The 2000 election of George Bush became the first thorn in our friendship. I felt that the presidency was stolen from Al Gore by the Supreme Court, and couldn't understand how America could have elected such an inarticulate president. 9-11 shocked us both, but our opinions on the Bush entry into Iraq were diametrically opposite. She was not a person to change her mind, and I had learned not to argue against Bush. Throughout eight long years of the Bush presidency, I bit my tongue whenever politics was mentioned, however tangentially. My only lapse was when we made a bet that there would be no weapons of mass destruction found in Iraq. She never paid this off, and kept insisting that they would be found eventually; she may still believe this myth. Gradually she bought into the various pieces of the Bush anti-science agenda. Our mutual agreement to avoid political discussions expanded to exclude all mention of: Billy Carter; Bill Clinton; Al Gore; Dick Cheney; George Bush; Global Warming, Public transportation; Urban density; Free Market economics; Health care in America.

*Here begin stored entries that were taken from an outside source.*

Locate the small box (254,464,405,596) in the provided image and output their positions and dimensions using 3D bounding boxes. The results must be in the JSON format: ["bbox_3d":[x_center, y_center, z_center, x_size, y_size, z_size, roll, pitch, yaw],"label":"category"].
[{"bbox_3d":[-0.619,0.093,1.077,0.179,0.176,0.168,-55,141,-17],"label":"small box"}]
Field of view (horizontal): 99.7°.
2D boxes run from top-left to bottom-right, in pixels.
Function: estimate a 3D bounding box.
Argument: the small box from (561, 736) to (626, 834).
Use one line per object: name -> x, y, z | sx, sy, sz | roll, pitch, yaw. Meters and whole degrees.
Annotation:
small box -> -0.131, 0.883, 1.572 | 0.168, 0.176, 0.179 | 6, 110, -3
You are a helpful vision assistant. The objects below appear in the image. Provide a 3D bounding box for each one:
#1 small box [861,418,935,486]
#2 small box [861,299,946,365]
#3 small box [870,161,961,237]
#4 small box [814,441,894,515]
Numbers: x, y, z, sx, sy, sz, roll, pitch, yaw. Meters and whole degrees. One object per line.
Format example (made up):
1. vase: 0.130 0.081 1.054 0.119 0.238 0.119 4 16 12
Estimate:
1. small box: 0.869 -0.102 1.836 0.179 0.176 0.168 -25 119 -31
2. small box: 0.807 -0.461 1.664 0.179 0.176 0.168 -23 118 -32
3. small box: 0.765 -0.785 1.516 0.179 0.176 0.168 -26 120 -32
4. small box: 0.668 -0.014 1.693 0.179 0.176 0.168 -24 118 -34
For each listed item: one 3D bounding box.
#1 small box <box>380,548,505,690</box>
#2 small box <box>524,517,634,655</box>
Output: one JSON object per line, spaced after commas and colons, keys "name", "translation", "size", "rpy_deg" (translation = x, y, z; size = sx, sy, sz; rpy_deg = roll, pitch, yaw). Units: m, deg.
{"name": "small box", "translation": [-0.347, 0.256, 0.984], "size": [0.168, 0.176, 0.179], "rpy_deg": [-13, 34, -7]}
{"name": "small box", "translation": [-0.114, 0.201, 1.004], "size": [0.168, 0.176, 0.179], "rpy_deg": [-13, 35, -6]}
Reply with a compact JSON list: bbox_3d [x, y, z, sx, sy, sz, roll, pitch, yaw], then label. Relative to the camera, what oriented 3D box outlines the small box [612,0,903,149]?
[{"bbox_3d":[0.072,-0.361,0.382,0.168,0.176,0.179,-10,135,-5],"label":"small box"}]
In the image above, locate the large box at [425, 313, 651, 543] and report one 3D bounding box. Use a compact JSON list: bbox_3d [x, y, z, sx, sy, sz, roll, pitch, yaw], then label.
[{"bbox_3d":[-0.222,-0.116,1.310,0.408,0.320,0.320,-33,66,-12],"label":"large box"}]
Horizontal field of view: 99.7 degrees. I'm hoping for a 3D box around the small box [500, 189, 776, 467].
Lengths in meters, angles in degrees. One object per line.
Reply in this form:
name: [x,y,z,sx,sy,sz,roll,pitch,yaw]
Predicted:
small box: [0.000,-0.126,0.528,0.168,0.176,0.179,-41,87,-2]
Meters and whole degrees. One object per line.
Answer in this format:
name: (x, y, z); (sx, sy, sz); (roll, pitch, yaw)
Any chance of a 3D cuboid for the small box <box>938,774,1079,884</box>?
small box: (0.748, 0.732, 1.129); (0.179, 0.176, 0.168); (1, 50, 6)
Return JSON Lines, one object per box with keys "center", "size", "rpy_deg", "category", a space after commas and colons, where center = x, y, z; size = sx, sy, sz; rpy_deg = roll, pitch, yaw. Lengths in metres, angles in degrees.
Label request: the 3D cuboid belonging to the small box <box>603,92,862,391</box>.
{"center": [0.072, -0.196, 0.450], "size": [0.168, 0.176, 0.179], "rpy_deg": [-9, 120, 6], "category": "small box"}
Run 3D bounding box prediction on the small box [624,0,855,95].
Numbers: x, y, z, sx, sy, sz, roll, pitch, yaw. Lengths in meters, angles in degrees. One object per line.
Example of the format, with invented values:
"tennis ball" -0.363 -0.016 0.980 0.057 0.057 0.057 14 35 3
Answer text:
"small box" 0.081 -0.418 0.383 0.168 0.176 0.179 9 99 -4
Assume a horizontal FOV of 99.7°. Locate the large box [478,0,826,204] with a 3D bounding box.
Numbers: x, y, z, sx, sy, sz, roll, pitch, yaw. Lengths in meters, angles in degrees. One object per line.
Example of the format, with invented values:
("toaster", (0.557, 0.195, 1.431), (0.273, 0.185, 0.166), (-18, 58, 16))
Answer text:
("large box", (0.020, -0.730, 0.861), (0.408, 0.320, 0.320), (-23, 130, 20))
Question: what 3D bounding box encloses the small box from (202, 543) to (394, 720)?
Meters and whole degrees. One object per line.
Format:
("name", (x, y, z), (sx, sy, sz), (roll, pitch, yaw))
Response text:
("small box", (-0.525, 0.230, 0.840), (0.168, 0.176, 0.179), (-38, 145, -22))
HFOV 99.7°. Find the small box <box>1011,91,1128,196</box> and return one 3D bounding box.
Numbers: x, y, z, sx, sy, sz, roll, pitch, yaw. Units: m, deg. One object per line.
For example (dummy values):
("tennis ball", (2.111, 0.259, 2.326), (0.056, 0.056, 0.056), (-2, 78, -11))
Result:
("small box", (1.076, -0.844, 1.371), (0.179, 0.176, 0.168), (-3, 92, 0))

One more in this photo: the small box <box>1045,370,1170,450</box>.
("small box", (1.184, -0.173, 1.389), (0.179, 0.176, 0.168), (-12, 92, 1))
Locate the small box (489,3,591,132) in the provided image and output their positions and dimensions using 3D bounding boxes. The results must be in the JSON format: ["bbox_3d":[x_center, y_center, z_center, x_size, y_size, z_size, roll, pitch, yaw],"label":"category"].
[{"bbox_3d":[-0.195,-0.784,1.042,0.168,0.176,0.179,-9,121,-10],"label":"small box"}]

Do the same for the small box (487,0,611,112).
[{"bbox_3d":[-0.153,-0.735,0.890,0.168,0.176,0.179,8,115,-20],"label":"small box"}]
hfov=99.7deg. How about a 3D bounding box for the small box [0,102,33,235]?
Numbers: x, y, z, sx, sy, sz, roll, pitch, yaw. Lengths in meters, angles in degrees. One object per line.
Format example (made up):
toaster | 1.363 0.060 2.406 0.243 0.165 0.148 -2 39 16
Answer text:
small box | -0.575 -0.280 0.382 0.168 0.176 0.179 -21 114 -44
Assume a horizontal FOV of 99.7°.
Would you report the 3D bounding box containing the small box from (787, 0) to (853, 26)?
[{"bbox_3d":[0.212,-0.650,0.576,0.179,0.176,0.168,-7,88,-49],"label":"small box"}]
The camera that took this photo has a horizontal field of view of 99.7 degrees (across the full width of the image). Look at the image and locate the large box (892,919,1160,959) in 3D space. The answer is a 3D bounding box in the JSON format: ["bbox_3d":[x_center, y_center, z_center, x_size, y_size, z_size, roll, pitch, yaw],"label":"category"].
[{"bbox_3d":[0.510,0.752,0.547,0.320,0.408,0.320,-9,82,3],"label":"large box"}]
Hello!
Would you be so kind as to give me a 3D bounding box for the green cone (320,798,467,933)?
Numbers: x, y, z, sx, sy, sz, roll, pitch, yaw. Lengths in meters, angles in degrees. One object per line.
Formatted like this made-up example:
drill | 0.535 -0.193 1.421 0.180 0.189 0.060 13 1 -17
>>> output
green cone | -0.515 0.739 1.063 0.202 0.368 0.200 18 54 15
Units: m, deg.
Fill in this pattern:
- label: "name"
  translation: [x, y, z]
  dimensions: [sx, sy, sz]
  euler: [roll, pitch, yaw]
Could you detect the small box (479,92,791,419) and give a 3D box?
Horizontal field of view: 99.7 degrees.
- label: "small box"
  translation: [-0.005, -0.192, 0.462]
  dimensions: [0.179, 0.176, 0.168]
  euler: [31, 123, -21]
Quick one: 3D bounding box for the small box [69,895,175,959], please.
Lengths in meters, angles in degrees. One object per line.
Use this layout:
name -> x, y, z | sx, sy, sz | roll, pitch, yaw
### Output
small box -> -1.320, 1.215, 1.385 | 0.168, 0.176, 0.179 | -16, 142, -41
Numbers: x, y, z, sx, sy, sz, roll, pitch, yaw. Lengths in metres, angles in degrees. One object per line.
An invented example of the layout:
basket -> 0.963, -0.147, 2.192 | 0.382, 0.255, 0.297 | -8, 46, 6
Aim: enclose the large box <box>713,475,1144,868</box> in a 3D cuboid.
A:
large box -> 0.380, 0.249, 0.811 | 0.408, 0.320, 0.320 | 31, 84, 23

Then Obama was elected. I expected she would have the same respect for me that I had shown her, and she would avoid railing against our president in our exchanges, but this was a mistake. Soon, I was cautioned that Obama was ruining America, that he was a Socialist, and could not be re-elected. By this time Facebook was everyone's social media, and her posts were a countdown to the end of the Obama administration and the election of a Republican president. Hardly a day went by that there was not a picture of Obama with a mean-spirited and small-minded message of disapproval. For a time her profile picture was Obama with numerous cigarettes dripping from his mouth in a mockery I did not quite understand.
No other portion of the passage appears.